*For the pdf slides, click here*

# Notations and Terminologies

### Notations

We are interested in the causal effect of some treatment \(A\) on some outcome \(Y\)

Treatment: \(A\), binary

\(A=1\) if receive treatment; and \(A=0\) if receive control

Example: \(A=1\) if receive active drug; and \(A=0\) if receive placebo

Outcome: \(Y\), can be binary or continuous

- Example: \(Y=1\) if dead; \(Y=0\) otherwise
- Example: \(Y\) can be time until death

Pre-treatment covariates: \(X\)

## Potential outcomes and conterfactuals

### Potential outcomes

Potential outcome \(Y^a\) is the outcome we would see if treatment was set to \(A=a\)

Each person has potential outcome \(Y^0, Y^1\)

### Counterfactuals

Conterfactual outcomes: the outcomes would have been observed, had the treatment been different

If my treatment is \(A=1\), then my counterfactual outcomes is \(Y^0\)

If my treatment is \(A=0\), then my counterfactual outcomes is \(Y^1\)

Connection between potential and conterfactuals outcomes

**Before**the treatment decision is made, any outcome is a potential outcome, \(Y^0\) and \(Y^1\)**After**the study, there is an observed outcome \(Y^A\), and counterfactual outcome \(Y^{1-A}\)

### Immutable variables

Variables that we cannot control (or change), such as race, gender, age, are immutable variables

For immutable variables, causal effects are not well defined

In this course, we focus on treatments that could be thought of as

**interventions**

# What are Causal Effects?

### Causal effects

Definition: treatment \(A\) has a causal effect on the outcome \(Y\), if \(Y^1\) differs from \(Y^0\)

- Example
- \(Y\): headache gone one hour from now (yes\(=1\), no\(=0\))
- \(A\): take ibuprofen (\(A=1\)) or not (\(A=0\))

## Fundamental problem of causal inference

### Fundamental problem of causal inference

Fundamental problem of causal inference: we can only observe one potential outcome for each person

However, with certain assumptions, we can estimate

**population level**(average) causal effects \(E(Y^1 - Y^0)\)- Average value of \(Y\) if everyone was treated with \(A=1\) minus average value of \(Y\) if everyone was treated with \(A=0\)

- Headache example:
- Hopeless: What would have happened to me had I not taken ibuprofen? (Unit level causal effect)
- Hopeful: What would the rate of headache remission be if everyone took ibuprofen when they had a headache versus if no one did? (Population level causal effect)

### Visualization of population average causal effect

### Population average causal effect versus conditioning on treatment/control

\[ E(Y^1 - Y^0) \neq E(Y\mid A=1) - E(Y\mid A=0) \]

In the left hand side, \(E(Y^1)\) is the mean of \(Y\) if the whole population was treated with \(A=1\)

In the right hand side, \(E(Y\mid A=1)\) is restricting to the

**subpopulation**of people who actually had \(A=1\)- This subpopulation may differ from the whole population in important ways
- For example, people at higher risk for flu are more likely to choose to get a flu shot

\(E(Y\mid A=1) - E(Y\mid A=0)\) is not a causal effect, because it is comparing two different populations of people

### Visualization of real world

### Other causal effects

\(E(Y^1 / Y^0)\): causal relative risk

\(E(Y^1 - Y^0 \mid A=1)\): causal effect of treatment on the treated

\(E(Y^1 - Y^0 \mid V=v)\): average causal effect in the subpopulation with covariate \(V=v\)

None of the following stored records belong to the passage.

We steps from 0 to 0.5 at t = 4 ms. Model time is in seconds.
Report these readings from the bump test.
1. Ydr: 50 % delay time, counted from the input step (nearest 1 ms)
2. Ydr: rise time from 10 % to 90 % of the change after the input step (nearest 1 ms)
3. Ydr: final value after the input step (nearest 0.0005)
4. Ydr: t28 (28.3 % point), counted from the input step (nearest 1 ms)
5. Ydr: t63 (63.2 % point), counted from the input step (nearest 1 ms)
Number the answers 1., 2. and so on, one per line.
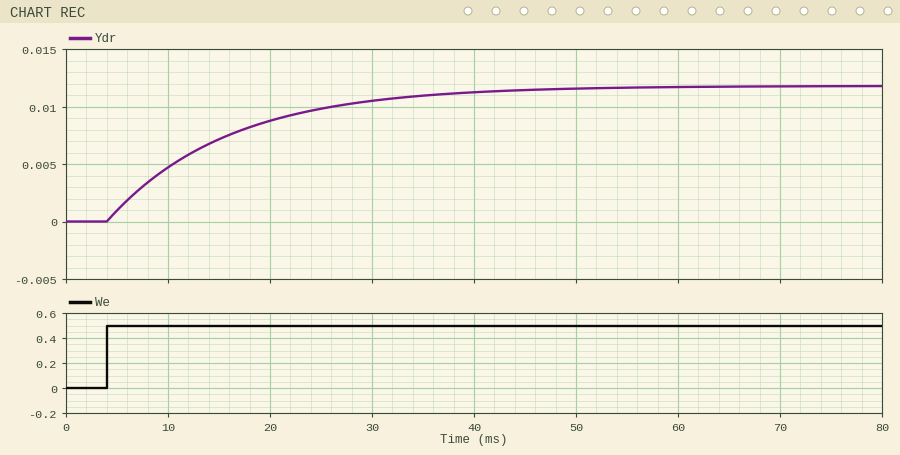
1. 8 ms
2. 26 ms
3. 0.0120
4. 4 ms
5. 12 ms
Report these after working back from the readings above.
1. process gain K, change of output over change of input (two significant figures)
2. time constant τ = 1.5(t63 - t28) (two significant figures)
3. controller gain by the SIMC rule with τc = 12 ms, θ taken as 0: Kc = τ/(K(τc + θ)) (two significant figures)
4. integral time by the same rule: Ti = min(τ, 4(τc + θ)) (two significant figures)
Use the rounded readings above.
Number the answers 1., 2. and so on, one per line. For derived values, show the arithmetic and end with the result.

1. (0.012 - 0) / 0.5 = 0.024
2. 1.5 × (12 - 4) = 12 ms
3. 12 / (0.024 × (12 + 0)) = 42
4. min(12, 4 × (12 + 0)) = 12 ms
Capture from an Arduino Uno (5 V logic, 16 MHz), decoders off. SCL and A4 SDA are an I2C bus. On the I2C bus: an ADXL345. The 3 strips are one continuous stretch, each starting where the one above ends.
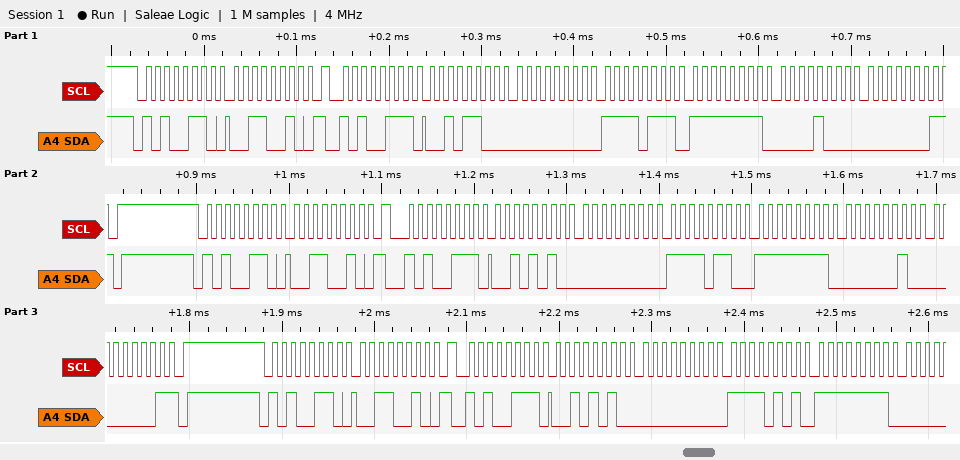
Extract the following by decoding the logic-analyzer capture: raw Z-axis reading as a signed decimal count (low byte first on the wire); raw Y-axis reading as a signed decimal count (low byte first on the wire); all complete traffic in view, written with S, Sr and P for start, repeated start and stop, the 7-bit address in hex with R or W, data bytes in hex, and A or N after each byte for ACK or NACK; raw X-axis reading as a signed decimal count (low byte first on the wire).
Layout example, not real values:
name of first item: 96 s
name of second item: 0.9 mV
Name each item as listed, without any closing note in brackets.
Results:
raw Z-axis reading as a signed decimal count: 264
raw Y-axis reading as a signed decimal count: -9
all complete traffic in view, written with S, Sr and P for start, repeated start and stop, the 7-bit address in hex with R or W, data bytes in hex, and A or N after each byte for ACK or NACK: S 53W A 32 A Sr 53R A 2C A 00 A F7 A FF A 08 A 01 N P S 53W A 32 A Sr 53R A 2A A 00 A F6 A FF A 02 A 01 N P S 53W A 32 A Sr 53R A 2A A 00 A F5 A FF A
raw X-axis reading as a signed decimal count: 44
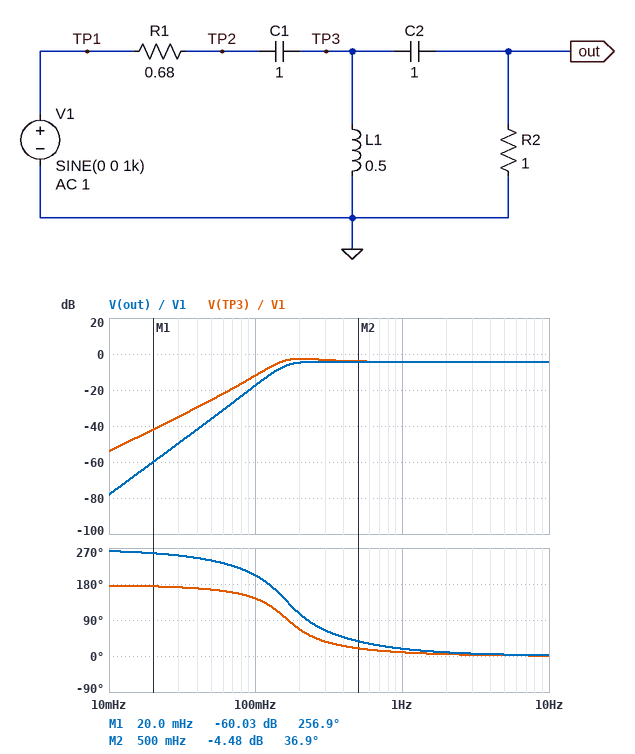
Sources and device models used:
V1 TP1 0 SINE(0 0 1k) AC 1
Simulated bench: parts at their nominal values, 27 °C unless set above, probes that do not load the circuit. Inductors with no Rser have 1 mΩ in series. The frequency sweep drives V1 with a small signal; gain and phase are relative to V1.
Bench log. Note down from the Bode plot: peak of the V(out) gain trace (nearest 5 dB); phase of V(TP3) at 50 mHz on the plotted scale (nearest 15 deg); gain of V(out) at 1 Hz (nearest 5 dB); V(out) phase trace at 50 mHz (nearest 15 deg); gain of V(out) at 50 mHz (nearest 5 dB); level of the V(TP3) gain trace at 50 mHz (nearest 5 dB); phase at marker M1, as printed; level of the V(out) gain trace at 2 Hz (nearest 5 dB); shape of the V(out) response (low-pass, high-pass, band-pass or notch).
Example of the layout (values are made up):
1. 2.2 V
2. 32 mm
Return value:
1. -5 dB
2. 165 deg
3. -5 dB
4. 240 deg
5. -35 dB
6. -25 dB
7. 256.9 deg
8. -5 dB
9. high-pass
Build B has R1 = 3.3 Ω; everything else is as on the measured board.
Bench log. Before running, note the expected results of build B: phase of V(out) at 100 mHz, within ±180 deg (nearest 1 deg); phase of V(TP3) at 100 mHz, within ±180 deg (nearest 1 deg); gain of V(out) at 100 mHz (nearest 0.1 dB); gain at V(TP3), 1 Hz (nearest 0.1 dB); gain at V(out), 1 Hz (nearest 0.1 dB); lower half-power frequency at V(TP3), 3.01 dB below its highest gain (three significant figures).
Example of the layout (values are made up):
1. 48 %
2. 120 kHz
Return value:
1. 162 deg
2. 104 deg
3. -25.3 dB
4. -12.6 dB
5. -12.7 dB
6. 153 mHz
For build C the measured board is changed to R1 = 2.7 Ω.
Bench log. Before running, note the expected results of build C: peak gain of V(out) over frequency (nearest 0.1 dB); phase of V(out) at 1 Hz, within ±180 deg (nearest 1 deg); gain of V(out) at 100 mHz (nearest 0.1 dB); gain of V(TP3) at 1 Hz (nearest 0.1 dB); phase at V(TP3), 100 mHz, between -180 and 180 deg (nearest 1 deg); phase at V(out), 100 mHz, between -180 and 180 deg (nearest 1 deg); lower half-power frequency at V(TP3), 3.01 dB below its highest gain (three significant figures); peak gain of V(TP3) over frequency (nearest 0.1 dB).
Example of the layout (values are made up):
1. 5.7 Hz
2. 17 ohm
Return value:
1. -11.4 dB
2. 18 deg
3. -23.8 dB
4. -11.3 dB
5. 108 deg
6. 166 deg
7. 149 mHz
8. -10.9 dB

### Visualization of causal effect of treatment on the treated

# Causal Assumptions

### Most common causal assumptions

Stable Unit Treatment Value Assumption (SUTVA)

Consistency

Ignorability

Positivity

## Stable Unit Treatment Value Assumption (SUTVA)

### Stable Unit Treatment Value Assumption (SUTVA)

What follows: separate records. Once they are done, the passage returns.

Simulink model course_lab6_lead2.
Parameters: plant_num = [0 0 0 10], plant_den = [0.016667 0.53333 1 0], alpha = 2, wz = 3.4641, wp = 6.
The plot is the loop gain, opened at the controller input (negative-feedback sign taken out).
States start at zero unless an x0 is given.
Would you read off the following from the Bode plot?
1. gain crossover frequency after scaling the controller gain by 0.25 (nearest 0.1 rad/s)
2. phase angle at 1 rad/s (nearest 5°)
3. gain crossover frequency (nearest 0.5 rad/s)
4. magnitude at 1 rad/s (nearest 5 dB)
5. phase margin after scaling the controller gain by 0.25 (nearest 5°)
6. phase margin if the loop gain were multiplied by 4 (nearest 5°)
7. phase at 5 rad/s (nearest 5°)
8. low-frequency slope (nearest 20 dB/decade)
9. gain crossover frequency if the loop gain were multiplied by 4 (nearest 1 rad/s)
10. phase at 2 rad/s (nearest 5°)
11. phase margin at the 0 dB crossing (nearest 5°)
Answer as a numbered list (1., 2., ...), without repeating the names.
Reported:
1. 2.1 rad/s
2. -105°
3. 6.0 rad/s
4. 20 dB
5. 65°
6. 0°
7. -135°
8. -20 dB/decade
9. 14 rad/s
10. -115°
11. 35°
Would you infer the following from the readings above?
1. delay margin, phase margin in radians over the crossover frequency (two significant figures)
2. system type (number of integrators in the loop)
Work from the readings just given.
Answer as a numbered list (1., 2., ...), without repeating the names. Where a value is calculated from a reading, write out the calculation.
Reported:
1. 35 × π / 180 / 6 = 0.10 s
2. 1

- SUTVA involves two assumptions

No interference

- Units do not interfere with each other
- Treatment assignement of one unit does not affect that outcome of another unit
- Spillover or contagion are also terms for interference

One version of treatment

- SUTVA allows us to write potential outcome for a person in terms of only that person’s treatments

## Consistency

### Consistency assumption

- Consistency assumption: the potential outcome under treatment \(A=a\), \(Y^a\), is equal to the observed outcome if the actual treatment received is \(A=a\)

\[ Y=Y^a \text{ if } A=a, \text{ for all } a \]

## Ignorability

### Ignorability assumption

Ignorability assumption: given pre-treatment covariates \(X\), treatment assignment is independent from the potential outcomes \[ Y^0, Y^1 \perp A \mid X \]

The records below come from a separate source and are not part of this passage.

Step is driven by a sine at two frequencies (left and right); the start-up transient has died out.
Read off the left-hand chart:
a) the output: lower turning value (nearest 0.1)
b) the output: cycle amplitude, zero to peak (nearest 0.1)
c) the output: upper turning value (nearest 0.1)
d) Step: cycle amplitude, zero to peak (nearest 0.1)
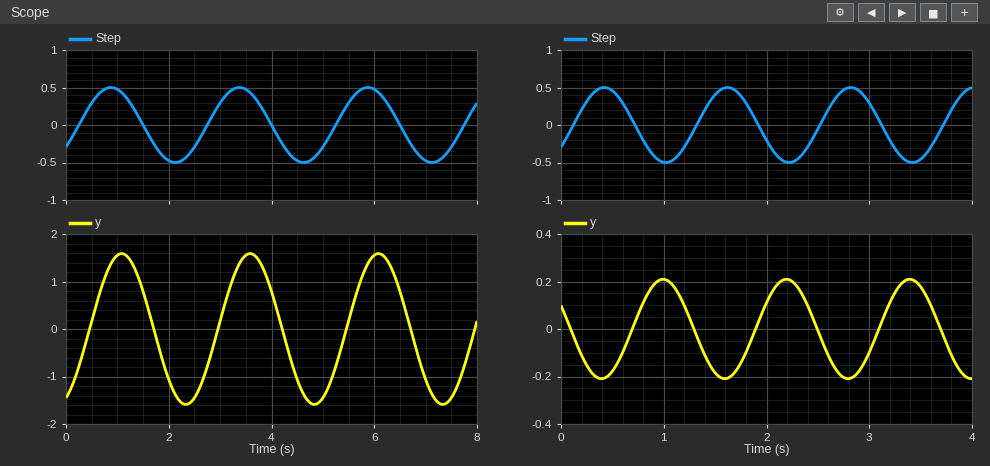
-1.6
1.6
1.6
0.5
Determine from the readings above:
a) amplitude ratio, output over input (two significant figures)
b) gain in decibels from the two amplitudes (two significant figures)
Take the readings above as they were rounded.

3.2
10 dB
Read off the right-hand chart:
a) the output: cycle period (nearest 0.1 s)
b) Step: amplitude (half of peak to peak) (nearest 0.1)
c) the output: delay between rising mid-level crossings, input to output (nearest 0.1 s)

1.2 s
0.5
0.6 s
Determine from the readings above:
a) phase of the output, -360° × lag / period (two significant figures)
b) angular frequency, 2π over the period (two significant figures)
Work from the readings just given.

-180°
5.2 rad/s
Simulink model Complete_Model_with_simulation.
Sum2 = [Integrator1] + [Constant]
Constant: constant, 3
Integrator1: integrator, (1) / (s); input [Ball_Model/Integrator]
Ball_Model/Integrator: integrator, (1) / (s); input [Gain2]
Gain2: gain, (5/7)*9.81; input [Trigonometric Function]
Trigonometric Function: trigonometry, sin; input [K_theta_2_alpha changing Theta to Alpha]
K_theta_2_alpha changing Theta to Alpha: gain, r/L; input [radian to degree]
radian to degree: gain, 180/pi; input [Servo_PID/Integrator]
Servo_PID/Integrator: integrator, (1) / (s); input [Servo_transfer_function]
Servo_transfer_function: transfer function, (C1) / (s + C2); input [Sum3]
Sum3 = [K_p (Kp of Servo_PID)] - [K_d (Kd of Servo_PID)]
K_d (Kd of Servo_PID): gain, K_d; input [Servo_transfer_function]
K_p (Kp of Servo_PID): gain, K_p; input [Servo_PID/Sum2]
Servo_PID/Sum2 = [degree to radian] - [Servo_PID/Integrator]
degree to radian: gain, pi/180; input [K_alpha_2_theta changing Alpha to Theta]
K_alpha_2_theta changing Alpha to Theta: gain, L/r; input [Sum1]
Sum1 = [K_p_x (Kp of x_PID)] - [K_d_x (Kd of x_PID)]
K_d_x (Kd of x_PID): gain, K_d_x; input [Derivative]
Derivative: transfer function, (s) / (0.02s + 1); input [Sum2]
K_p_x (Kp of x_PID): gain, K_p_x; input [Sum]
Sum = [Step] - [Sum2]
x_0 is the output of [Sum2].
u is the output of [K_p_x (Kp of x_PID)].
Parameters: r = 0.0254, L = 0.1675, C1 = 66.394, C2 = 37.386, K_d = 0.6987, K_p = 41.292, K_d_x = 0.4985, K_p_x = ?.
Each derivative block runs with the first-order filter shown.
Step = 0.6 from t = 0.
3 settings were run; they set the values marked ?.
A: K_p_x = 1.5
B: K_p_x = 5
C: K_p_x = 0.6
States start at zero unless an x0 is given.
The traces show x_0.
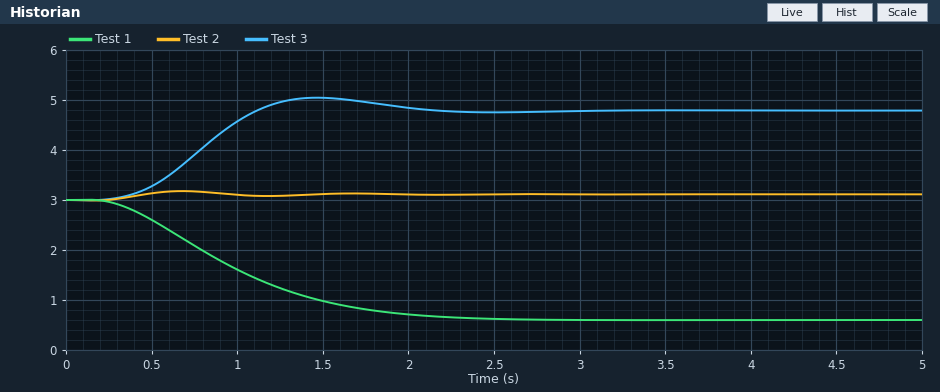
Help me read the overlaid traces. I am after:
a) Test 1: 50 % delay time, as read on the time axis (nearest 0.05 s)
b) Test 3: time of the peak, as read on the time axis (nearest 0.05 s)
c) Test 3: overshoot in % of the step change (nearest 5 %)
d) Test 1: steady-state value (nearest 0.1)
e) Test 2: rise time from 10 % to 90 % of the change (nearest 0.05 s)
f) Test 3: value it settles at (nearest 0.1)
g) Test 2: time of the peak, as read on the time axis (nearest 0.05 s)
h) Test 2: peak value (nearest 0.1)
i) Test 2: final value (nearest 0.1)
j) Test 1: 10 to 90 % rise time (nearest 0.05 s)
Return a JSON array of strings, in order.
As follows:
["0.90 s", "1.45 s", "15 %", "0.6", "0.15 s", "4.8", "0.70 s", "3.2", "3.1", "1.30 s"]
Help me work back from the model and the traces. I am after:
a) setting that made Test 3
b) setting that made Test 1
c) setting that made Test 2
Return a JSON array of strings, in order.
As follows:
["A", "C", "B"]
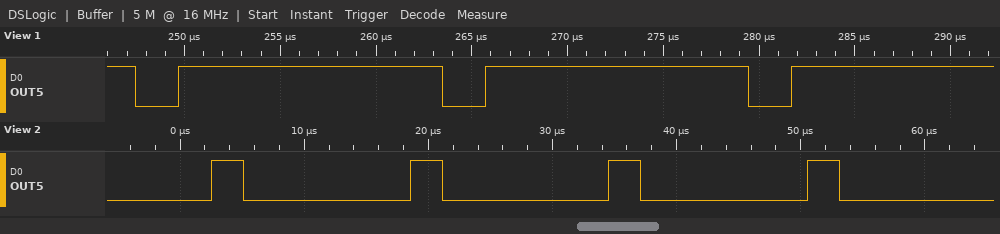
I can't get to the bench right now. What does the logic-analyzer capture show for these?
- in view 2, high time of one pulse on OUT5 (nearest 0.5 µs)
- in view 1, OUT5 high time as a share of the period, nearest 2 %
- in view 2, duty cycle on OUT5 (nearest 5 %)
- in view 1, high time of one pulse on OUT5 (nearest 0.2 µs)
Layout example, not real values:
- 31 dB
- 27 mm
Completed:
- 2.5 µs
- 86 %
- 15 %
- 13.8 µs

**Among people with the same values of \(X\), we can think of treatment \(A\) as being randomly assigned**Example: \(Y^0\) and \(Y^1\) are not independent from \(A\) marginally, but within levels of \(X\), treatment might be randomly assigned

- \(X\): age; can take values ‘younger’ or ‘older’
- \(Y\): hip fracture
- Older people are more likely to get treatment \(A=1\)
- Older people are also more likely to have the outcome, regardless of treatment

## Positivity

### Positivity assumption

Positivity assumption: for every set of values of \(X\), treatment assignment was not deterministic \[ P(A=a \mid X=x) > 0, \text{ for all } a \text{ and } x \]

If for some values of \(X\), treatment was deterministic, then we would have no observed values of \(Y\) for one of the treatment groups for those values of \(X\)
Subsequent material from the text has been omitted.